Booleanize columns of lists in you Dataset dataframes#

This notebooks shows how the booleanize and debooleanize methods can be used for easy attributes/tags filtering

Booleanization is the action of converting columns of list to a list of boolean columns. Each boolean column tells whether the element is present in the original list or not.

What’s more, it shows how the widget works to be able to choose between showing boolean values or list values.

[1]:

%load_ext autoreload

%autoreload 2
import warnings

import lours
from lours.dataset import from_caipy
from lours.utils.testing import assert_dataset_equal

warnings.simplefilter(action="ignore", category=FutureWarning)

Booleanization example#

Automatic booleanization#

By default, when using from_caipy with use_schema set to True, it booleanizes the dataset.

See more info about advanced parsing with caipy and schemas in the related tutorial : Demo schemas

[2]:

from_caipy(
    "../../test_lours/test_data/caipy_dataset/tags/small_tagged_dataset/",
    use_schema=True,
    booleanize=True,
)

Also, note that by default, columns are shown as they appear on the dataframe, i.e. raw columns with boolean value, but the default display option can be changed in the lours.utils module.

[3]:

lours.utils.DISPLAY_NESTED_COLUMNS = True
lours.utils.DISPLAY_UNBOOLEANIZED = True
from_caipy(
    "../../test_lours/test_data/caipy_dataset/tags/small_tagged_dataset/",
    use_schema=True,
    booleanize=True,
)

Manual Booleanization#

If you select booleanize=False when loading with from_caipy, you will keep the item column. To booleanize it manually, you can call the method .booleanize Make sure that the column names you give to that method are only composed of iterables in each cell (be it set or list)

[4]:

dataset = from_caipy(
    "../../test_lours/test_data/caipy_dataset/tags/small_tagged_dataset/",
    json_schema="default",
    booleanize=False,
)

[5]:

dataset

[6]:

booleanized = dataset.booleanize("attributes.colors")
booleanized

Working with booleanized data#

See how simpler it is to filter annotations based on attributes.colors :

In this example, we are interested into keeping annotations that have “red” in their “colors”

With a regular dataset, you will need to call the very inefficient .apply method.

[7]:

dataset.loc_annot[dataset.annotations["attributes.colors"].apply(lambda x: "red" in x)]

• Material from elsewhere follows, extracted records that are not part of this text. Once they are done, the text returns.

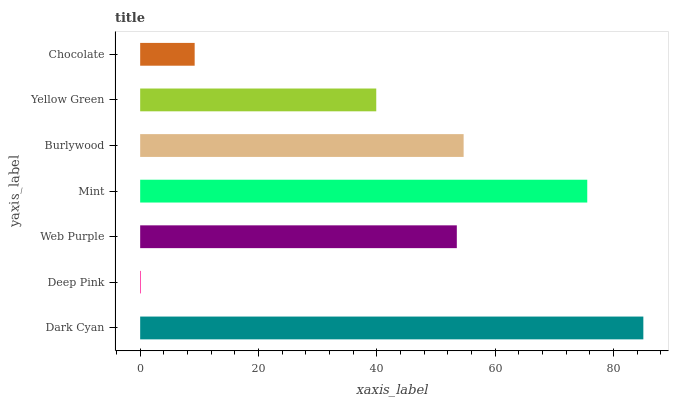Is Deep Pink the minimum?
Answer yes or no. Yes. Is Dark Cyan the maximum?
Answer yes or no. Yes. Is Web Purple the minimum?
Answer yes or no. No. Is Web Purple the maximum?
Answer yes or no. No. Is Web Purple greater than Deep Pink?
Answer yes or no. Yes. Is Deep Pink less than Web Purple?
Answer yes or no. Yes. Is Deep Pink greater than Web Purple?
Answer yes or no. No. Is Web Purple less than Deep Pink?
Answer yes or no. No. Is Web Purple the high median?
Answer yes or no. Yes. Is Web Purple the low median?
Answer yes or no. Yes. Is Burlywood the high median?
Answer yes or no. No. Is Deep Pink the low median?
Answer yes or no. No.

With a booleanized dataset, you can directly call the .loc_annot method with the attributes.colors.red column.

[8]:

booleanized.loc_annot[booleanized.annotations["attributes.colors.red"]]

Debooleanization#

Although the booleanized columns are dropped in favor of the boolean ones, we keep track of them in a special attribute Dataset.booleanized_columns

As such, we can use the debooleanize method to get back to the original dataset. Note that this method has to be used for several io methods :

to_caipy
to_caipy_generic
to_coco
to_fiftyone

[9]:

debool = booleanized.debooleanize()
assert_dataset_equal(debool, dataset)
debool